MAPLE SHADE — A New Jersey company considered to be a hate group by the Southern Poverty Law Center is closing down its operation.

Micetrap Distribution on its website said the decision had been a long time coming to close down the business after 20 years, but the recent protests in Charlottesville helped make the call.

"After the recent issues in Charlottesville, Virginia, it has forced me to take a long, deep look into myself. And after speaking with friends and neighbors, I can no longer be aligned with the violence (from all sides) that I have always been against," founder Steven Wiegand wrote on his website, which has been stripped of any other content.

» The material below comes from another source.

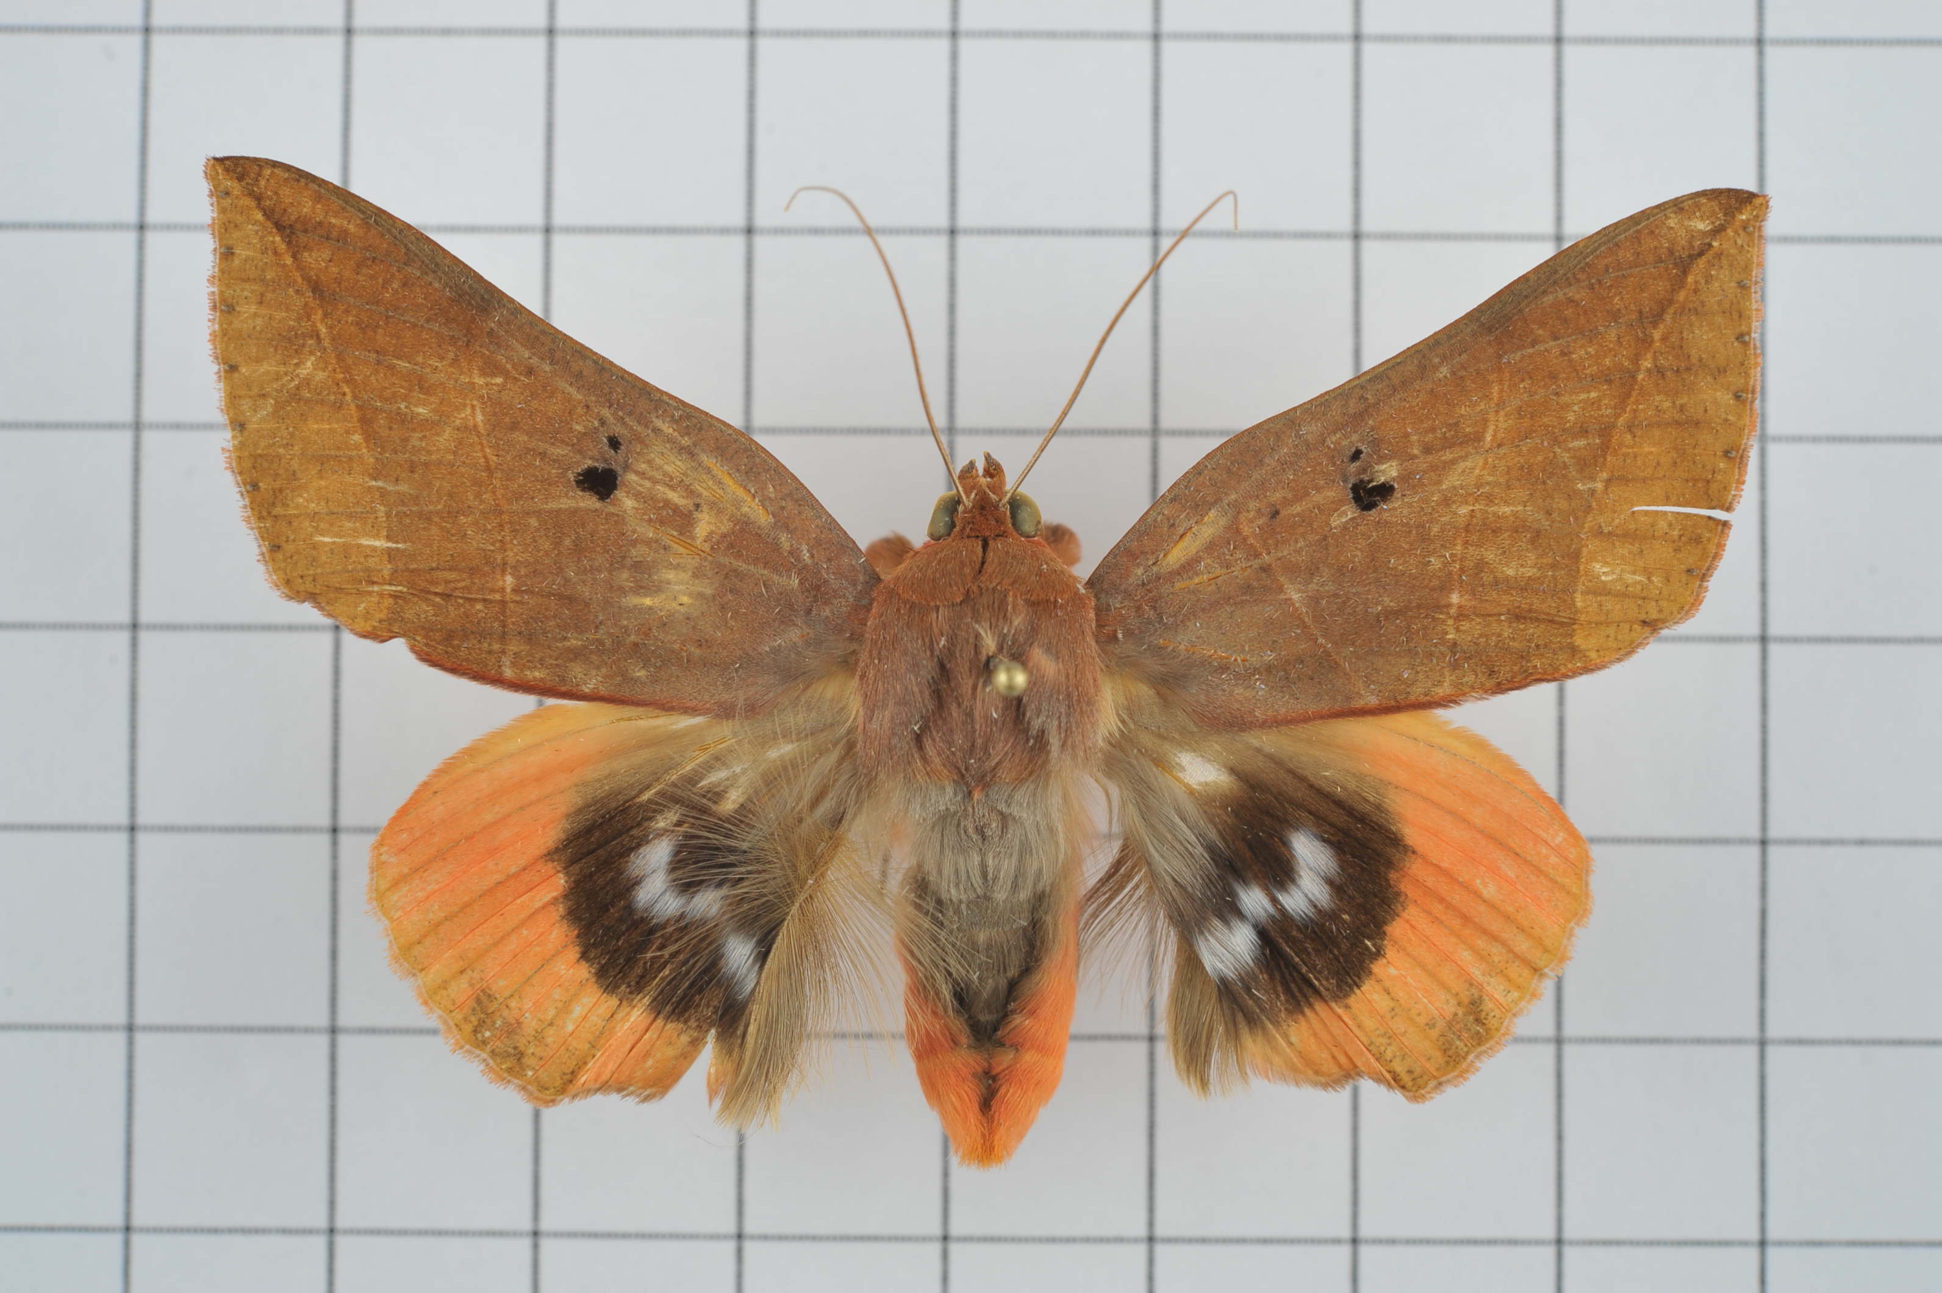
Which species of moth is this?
Thyas juno
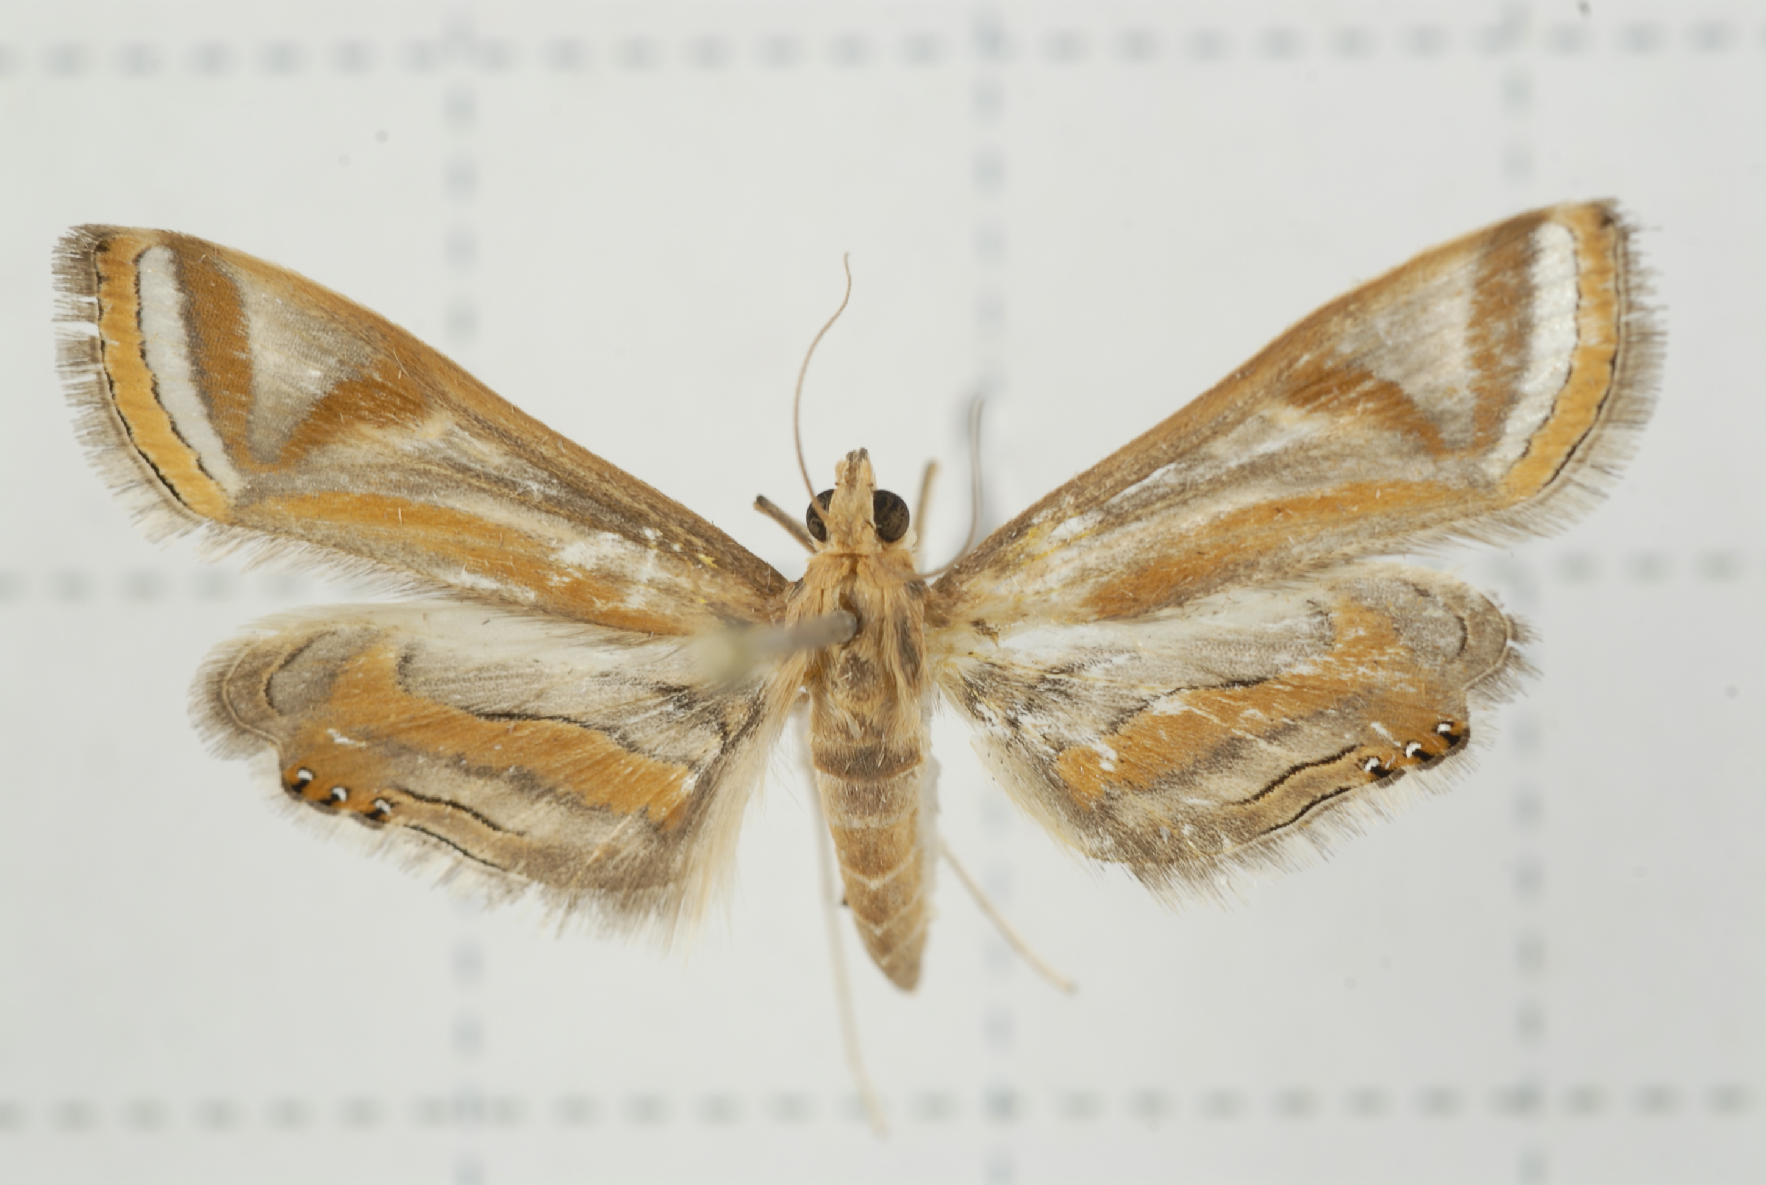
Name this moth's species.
Eoophyla gibbosalis

The site sold merchandise with logos affiliated with white supremacist groups and sayings including "Support Your Local White Boy," "Angry Aryans" and "I'm The Infidel Allah Warned You About." Other best-bellers listed on the site include a Swastika flag, "Adolf Hitler European Town 1939-1945" and "Aryan pride strength and pride."

In the SPLC's most recent list of hate groups in the United States, Micetrap was considered one of 15 hate groups in New Jersey along with the Ku Klux Klan, the Nation of Islam and AC Skins because of its distribution of "hate music."

The SPLC has not returned messages from New Jersey 101.5 to discuss any of the New Jersey groups on the list.

In a 2006 SPLC article titled "A Look at White Power Music Today," the company was mentioned as one of many regional music labels seen as trying to fill the void of fallen music companies. Micetrap sold CDs, clothing and books but had conflicts with other white supremacist groups over bootleg music, domain names and the hacking of websites, according to the article.

Micetrap also hosted an internet radio station in 2012,  the Anti-Defamation League  wrote  in a story on its website titled "The Sounds of Hate." reported the station was no longer streaming as of Monday.

An unidentified "former law enforcement agent" told that Micetrap was a top seller of white power materials.


"I am proud to say that I built this business from practically nothing and formed a company that I believed stood for everything our 1st Amendment was established for," Wiegand wrote on what remains of his site. "But in doing this, I have endured personal issues and sacrifices that very few would have been strong enough to endure. But, I can no longer continue on with the passion and enthusiasm that made the business the success that it became."

Wiegrand said all current orders to the website will be honored.